(Work to be completed)
When you find the line that contains "The object was", restate it and all lines after it exactly, stopping at the end of the material.

(Provided data)
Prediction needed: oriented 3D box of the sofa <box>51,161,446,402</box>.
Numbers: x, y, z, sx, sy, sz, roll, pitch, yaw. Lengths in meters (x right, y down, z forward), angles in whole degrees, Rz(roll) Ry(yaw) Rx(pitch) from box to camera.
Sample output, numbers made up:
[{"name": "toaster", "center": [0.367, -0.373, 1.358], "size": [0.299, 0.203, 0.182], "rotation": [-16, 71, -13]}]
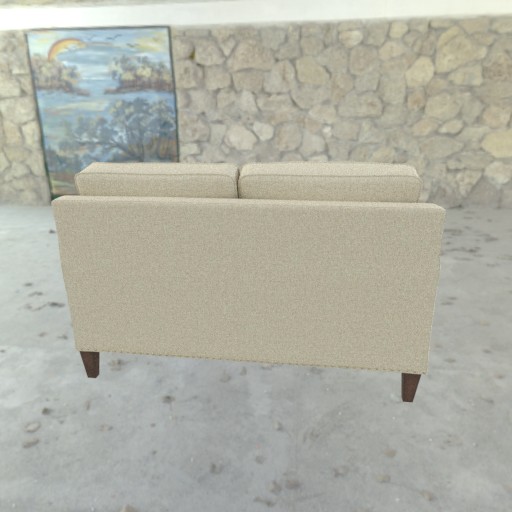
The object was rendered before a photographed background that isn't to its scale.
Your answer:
[{"name": "sofa", "center": [0.000, 0.000, 2.258], "size": [1.597, 1.003, 1.084], "rotation": [2, 17, 7]}]

(Reply to the exercise)
The object was rendered before a photographed background that isn't to its scale.
Your answer:
[{"name": "sofa", "center": [0.000, 0.000, 2.258], "size": [1.597, 1.003, 1.084], "rotation": [2, 17, 7]}]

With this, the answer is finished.